1. Dari Ibnu Abbas, Rasul Saw. bersabda: ”Keadaan umat terdahulu telah diperlihatkan kepadaku, hingga terlihatlah seorang Nabi bersama kelompok kecil, dan ada pula seorang Nabi yang diikuti satu dua orang saja, lebih dari itu ada seorang Nabi tanpa pengikut. Tiba-tiba terlihatlah segolongan besar, aku mengira mereka adalah umatku, ternyata bukan, mereka adalah Nabi Musa bersama masyarakatnya. Namun di ufuk kanan-kiriku terlihat rombongan yang lebih besar lagi, dikatakan kepadaku bahwa : ”Itulah umatmu, dan disisi mereka ada 70.000 orang yang masuk surga tanpa hisab. Selanjutnya Nabi bangun dan masuk kerumahnya, hingga ramailah dibicarakan orang tentang mereka yang masuk surga tanpa hisab itu. Diantara mereka ada yang menduga bahwa; kemungkinan besar mereka yang masuk surga tanpa hisab itu para sahabat Nabi Saw. atau yang lahir secara Islam tidak menyekutukan Allah, atau lain-lain. Kemudian Rasul kembali dan bertanya: ”Masalah apa yang didiskusikan? Akhirnya beliau bersabda: ”Mereka itulah yang tidak pernah menjampi dan dijampikan, tidak suka meramal atau menebak dengan seekor burung (merdukun), dan mereka selalu berserah diri sepenuhnya kepada Allah Swt.
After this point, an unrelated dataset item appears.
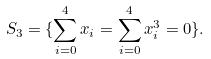Convert formula to latex. <formula><loc_0><loc_0><loc_500><loc_500>S _ { 3 } = \{ \sum _ { i = 0 } ^ { 4 } x _ { i } = \sum _ { i = 0 } ^ { 4 } x _ { i } ^ { 3 } = 0 \} .</formula> 
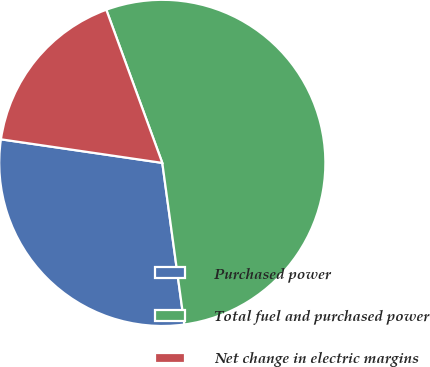Convert chart to OTSL. <chart><loc_0><loc_0><loc_500><loc_500><pie_chart><fcel>Purchased power<fcel>Total fuel and purchased power<fcel>Net change in electric margins<nl><fcel>29.47%<fcel>53.42%<fcel>17.11%<nl></chart>

Lalu bangunlah Ukasyah bin Mihshan, katanya: ”Ya Rasul, sudilah kiranya engkau berdo'a agar aku termasuk dalam golongan mereka itu. Jawabnya: ”Kamu termasuk diantara mereka.” Dan sahabat-sahabat yang lain juga menyusul, katanya: ”Ya Rasul, sudilah kiranya engkau mendo'akan, agar aku termasuk golongan mereka. Jawabnya: ”Usulmu sudah dicakup lebih dahulu oleh Ukasyah.” (HR. Bukhari-Muslim).

2. Dari Ibnu Abbas, Rasul Saw. berdo'a sebagai berikut:

اَللّٰهُــمَّ لَكَ اَسْلَمْتُ وَبِكَ اٰمَنْتُ وَعَلَيْكَ تَوَكَّلْتُ وَاِلَيْكَ اٰنَبْتُ وَبِكَ خَاصَمْتُ، اَللّٰهُمَّ اَعُوْذُ بِعِزَّتِكَ لاَاِلٰهَ اِلاَّ انْتَ اَنْ تُضِلَّنِى اَنْتَ اْلحَيُّ الَّذِىْ لآتَمُوْتُ وَاْلجِنُ ّوَالْاِنْسُ يَمُوْتُونَ (متفقوعليه).

Artinya : ”Ya Allah, aku berserah diri kepada_Mu, beriman kepada_Mu, dan penuh tawakkal kepada_Mu, kembali kepada_Mu serta berjuang juga kepada_Mu.Ya Allah, lindungilah diriku dengan Perkasa_Mu, tiada Tuhan yang lain kecuali Engkau, janganlah Kau sesatkan diriku, Engkaulah Yang hidup tanpa mati, di saat manusia dan jin binasa semuanya.” (HR. Bukhari-Muslim).